Background: Most heart transplant (HTx) recipients develop hypertension, characterized by increased peripheral vascular tone and endothelial dysfunction. Reduced levels of nitric oxide (NO) have been found in essential hypertension, and herein we investigated the possible role of altered concentrations of NO in posttransplant hypertension.

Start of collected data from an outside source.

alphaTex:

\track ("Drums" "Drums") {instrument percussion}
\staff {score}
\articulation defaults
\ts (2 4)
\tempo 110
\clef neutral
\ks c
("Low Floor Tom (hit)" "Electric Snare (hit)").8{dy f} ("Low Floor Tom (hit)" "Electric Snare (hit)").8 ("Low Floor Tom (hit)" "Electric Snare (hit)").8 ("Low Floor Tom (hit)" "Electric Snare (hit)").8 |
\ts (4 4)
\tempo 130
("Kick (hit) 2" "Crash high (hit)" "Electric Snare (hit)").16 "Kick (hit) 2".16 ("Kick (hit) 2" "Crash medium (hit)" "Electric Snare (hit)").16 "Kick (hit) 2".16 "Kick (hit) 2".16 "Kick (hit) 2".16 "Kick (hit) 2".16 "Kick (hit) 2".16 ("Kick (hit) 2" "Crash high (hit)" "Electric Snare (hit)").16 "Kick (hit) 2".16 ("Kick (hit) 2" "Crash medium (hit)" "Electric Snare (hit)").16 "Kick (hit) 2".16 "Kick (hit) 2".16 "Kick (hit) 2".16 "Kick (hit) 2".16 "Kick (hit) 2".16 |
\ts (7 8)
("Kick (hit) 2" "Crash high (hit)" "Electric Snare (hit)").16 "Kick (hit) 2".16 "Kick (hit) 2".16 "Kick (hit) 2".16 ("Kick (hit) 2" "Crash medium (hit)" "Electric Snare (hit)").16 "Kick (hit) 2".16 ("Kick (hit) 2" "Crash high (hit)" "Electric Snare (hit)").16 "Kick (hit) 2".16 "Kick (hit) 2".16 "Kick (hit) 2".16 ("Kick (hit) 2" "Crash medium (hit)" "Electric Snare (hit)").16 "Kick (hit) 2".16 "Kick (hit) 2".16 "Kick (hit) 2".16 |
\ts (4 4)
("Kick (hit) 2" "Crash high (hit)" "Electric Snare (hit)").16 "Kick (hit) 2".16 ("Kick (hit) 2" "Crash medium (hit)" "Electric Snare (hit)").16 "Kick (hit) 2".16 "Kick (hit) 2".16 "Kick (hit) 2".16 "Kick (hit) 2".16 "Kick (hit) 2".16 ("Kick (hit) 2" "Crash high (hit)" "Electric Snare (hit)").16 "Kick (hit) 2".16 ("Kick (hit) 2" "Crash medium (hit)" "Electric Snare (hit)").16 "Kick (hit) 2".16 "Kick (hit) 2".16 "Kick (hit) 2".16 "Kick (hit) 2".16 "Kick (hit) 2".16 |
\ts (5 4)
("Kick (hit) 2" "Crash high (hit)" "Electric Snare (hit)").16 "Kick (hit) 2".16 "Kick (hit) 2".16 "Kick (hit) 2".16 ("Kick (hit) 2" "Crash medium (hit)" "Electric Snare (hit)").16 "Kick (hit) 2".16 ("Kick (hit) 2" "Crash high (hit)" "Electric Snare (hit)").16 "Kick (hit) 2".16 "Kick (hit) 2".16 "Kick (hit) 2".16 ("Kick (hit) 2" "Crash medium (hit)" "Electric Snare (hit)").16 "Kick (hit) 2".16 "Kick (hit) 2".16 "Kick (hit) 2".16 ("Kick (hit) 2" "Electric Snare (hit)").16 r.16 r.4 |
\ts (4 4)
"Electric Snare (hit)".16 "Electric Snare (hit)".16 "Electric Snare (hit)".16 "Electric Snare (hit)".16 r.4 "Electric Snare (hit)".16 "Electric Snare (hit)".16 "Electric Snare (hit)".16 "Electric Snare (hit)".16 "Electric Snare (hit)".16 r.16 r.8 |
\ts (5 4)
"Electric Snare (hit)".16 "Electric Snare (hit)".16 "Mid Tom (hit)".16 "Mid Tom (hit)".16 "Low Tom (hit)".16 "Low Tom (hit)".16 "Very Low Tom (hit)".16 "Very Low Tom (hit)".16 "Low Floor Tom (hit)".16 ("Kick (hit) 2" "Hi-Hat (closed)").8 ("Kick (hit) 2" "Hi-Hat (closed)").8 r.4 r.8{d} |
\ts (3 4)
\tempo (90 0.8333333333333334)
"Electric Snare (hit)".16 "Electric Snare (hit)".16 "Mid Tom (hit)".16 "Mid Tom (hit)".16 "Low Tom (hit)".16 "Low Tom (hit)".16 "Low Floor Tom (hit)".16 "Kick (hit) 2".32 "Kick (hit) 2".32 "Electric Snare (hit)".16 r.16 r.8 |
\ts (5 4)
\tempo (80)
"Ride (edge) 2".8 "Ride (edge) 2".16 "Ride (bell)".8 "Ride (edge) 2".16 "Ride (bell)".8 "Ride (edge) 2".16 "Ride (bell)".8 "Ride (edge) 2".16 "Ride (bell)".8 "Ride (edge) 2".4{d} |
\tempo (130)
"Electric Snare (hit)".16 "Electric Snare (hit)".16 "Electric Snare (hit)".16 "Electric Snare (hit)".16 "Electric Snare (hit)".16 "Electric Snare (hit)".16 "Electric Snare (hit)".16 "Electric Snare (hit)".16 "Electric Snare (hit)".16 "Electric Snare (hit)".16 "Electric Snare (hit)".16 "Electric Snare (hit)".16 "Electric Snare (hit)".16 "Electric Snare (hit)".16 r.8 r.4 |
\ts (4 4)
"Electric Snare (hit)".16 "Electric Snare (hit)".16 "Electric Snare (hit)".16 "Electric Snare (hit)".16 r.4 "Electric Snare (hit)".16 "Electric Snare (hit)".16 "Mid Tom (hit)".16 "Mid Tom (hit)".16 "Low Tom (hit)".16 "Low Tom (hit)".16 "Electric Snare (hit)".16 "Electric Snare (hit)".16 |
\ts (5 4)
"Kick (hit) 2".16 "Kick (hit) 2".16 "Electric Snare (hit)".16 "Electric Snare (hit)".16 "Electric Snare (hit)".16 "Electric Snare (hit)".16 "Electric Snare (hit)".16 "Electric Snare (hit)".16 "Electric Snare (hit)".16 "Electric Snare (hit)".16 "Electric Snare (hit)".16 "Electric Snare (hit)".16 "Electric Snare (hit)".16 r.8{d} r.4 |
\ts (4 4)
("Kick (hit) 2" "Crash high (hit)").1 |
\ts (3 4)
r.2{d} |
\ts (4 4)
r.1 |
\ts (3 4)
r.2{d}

Methods: Plasma levels of the NO-derived end products NO2(-) + NO3(-), the endogenous inhibitor of NO synthase asymmetric dimethylarginine (ADMA), and the inflammatory cytokine tumor necrosis factor (TNF)-alpha were examined in 65 stable hypertensive long-term (6 years [range 1-13]) survivors of HTx. HTx recipients were compared with 39 individuals with essential hypertension and 25 normotensive controls. RESULTS Hypertensive HTx recipients had raised NO2(-) + NO3(-) levels in plasma, positively correlated with 24-hour mean blood pressure (BP). In contrast, individuals with essential hypertension had decreased NO2(-) + NO3(-) concentration comparing controls, inversely correlated with 24-hour mean BP. Moreover, although TNF-alpha levels were significantly raised in HTx recipients compared with both healthy controls and individuals with essential hypertension, it was positively correlated to 24-hour BP and NO2(-) + NO3(-). Although only a slight increase was found in essential hypertension, no correlations were found in these nontransplant individuals. Finally, although asymmetric dimethylarginine (ADMA) tended to be raised in essential hypertension, this endogenous nitric oxide synthase (NOS) inhibitor was significantly decreased in HTx recipients compared with normotensive controls.
Conclusion: Our findings suggest that different mechanisms may be operating in the pathogenesis of posttransplant compared with essential hypertension, with persistent inflammation, raised NO2(-) + NO3(-), and decreased ADMA levels characterizing the former group.